Task objective
Below are some records. Pull every line that contains the word "tweede".

Entries supplied

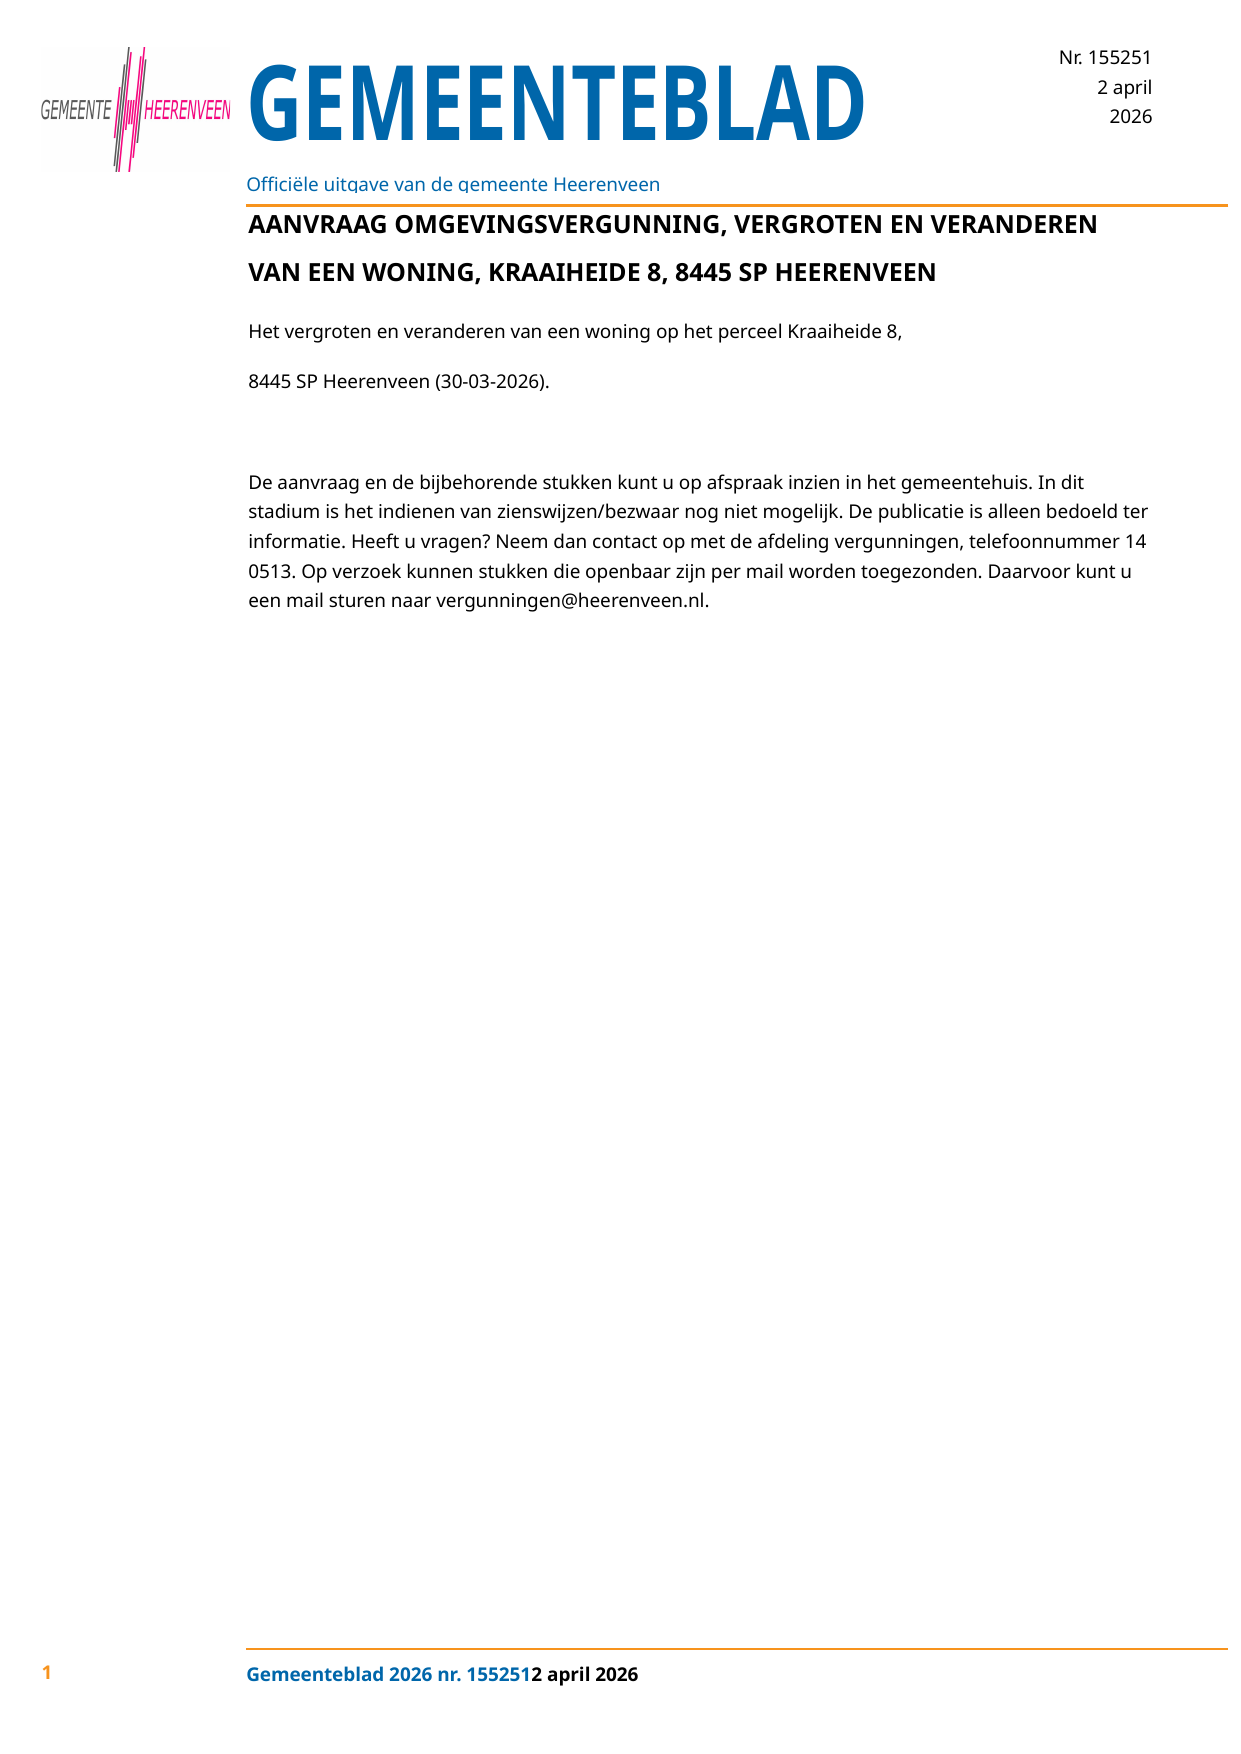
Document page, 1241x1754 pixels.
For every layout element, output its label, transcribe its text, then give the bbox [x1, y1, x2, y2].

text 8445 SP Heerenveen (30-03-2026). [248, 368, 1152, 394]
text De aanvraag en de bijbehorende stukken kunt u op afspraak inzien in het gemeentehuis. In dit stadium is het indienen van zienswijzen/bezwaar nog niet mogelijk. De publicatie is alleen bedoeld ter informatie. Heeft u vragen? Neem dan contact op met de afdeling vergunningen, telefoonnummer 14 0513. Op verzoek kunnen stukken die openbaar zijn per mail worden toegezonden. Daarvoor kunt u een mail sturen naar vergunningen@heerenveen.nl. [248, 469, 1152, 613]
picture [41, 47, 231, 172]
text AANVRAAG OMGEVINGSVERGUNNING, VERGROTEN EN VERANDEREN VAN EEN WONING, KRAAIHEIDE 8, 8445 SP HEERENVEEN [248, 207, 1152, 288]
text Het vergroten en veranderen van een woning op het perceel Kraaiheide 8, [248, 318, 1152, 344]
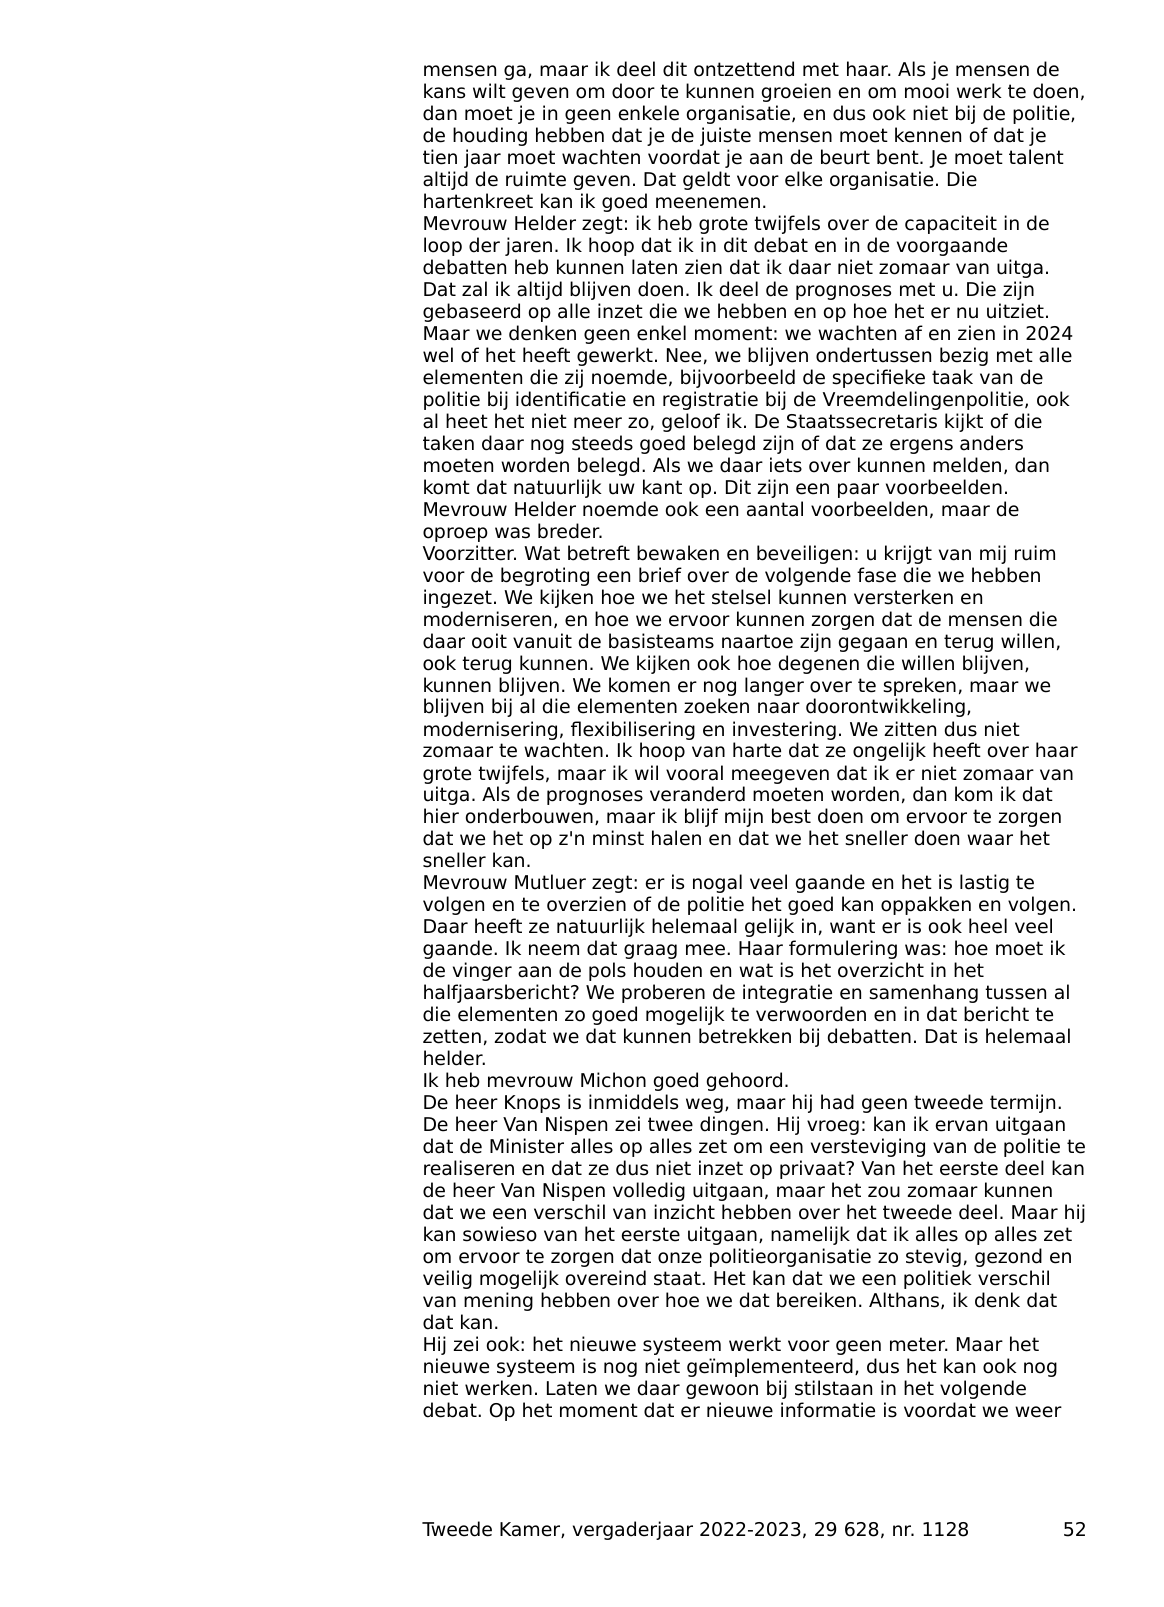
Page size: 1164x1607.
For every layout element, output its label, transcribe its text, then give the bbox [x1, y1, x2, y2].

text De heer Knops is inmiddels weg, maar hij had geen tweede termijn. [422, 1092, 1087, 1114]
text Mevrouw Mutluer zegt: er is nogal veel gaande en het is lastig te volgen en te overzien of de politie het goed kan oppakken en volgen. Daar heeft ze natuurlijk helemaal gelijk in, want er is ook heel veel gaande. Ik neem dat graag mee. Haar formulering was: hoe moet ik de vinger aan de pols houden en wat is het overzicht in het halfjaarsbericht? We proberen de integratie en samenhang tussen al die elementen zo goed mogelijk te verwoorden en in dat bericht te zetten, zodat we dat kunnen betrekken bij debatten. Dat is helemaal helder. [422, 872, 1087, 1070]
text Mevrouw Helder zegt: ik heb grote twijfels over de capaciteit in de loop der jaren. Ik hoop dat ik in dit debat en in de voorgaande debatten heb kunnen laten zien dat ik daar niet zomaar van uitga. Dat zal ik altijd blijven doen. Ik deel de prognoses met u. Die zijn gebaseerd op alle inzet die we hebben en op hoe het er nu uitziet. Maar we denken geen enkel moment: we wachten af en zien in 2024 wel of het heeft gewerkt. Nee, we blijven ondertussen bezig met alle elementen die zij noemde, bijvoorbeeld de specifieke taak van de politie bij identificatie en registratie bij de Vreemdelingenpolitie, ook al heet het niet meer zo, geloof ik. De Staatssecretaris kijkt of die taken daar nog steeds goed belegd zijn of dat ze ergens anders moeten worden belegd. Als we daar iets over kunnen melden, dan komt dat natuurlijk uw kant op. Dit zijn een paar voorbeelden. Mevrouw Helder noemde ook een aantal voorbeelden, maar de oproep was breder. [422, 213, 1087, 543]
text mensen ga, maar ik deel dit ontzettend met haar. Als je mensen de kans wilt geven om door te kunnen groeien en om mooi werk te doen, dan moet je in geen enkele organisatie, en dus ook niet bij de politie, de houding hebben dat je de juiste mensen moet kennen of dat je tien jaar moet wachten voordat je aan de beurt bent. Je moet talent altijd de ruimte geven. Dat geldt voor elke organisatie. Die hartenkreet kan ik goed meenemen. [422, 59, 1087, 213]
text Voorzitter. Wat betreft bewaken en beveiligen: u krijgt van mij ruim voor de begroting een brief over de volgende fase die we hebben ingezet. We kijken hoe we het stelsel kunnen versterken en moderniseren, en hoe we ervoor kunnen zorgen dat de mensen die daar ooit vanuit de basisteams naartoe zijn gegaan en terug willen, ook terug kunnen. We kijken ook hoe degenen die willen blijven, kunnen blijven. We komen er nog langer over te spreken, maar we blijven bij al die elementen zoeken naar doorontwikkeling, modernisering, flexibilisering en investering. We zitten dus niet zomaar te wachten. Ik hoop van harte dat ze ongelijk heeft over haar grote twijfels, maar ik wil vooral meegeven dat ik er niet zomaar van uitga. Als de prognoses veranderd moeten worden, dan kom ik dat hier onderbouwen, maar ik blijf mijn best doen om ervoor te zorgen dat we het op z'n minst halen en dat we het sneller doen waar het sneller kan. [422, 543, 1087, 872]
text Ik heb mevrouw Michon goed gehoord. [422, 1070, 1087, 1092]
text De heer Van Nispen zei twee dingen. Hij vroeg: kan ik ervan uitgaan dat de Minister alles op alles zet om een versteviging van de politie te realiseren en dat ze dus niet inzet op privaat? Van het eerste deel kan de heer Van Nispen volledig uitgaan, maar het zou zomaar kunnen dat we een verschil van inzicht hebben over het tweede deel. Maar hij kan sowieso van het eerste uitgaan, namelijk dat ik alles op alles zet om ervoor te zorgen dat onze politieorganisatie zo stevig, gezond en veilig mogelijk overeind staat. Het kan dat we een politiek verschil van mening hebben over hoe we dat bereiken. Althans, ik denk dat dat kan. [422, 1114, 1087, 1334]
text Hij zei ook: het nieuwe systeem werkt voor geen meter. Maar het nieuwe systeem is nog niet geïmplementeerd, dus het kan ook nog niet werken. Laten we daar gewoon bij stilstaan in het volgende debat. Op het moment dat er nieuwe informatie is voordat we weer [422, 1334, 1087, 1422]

Your solution
text De heer Knops is inmiddels weg, maar hij had geen tweede termijn. [422, 1092, 1087, 1114]
text De heer Van Nispen zei twee dingen. Hij vroeg: kan ik ervan uitgaan dat de Minister alles op alles zet om een versteviging van de politie te realiseren en dat ze dus niet inzet op privaat? Van het eerste deel kan de heer Van Nispen volledig uitgaan, maar het zou zomaar kunnen dat we een verschil van inzicht hebben over het tweede deel. Maar hij kan sowieso van het eerste uitgaan, namelijk dat ik alles op alles zet om ervoor te zorgen dat onze politieorganisatie zo stevig, gezond en veilig mogelijk overeind staat. Het kan dat we een politiek verschil van mening hebben over hoe we dat bereiken. Althans, ik denk dat dat kan. [422, 1114, 1087, 1334]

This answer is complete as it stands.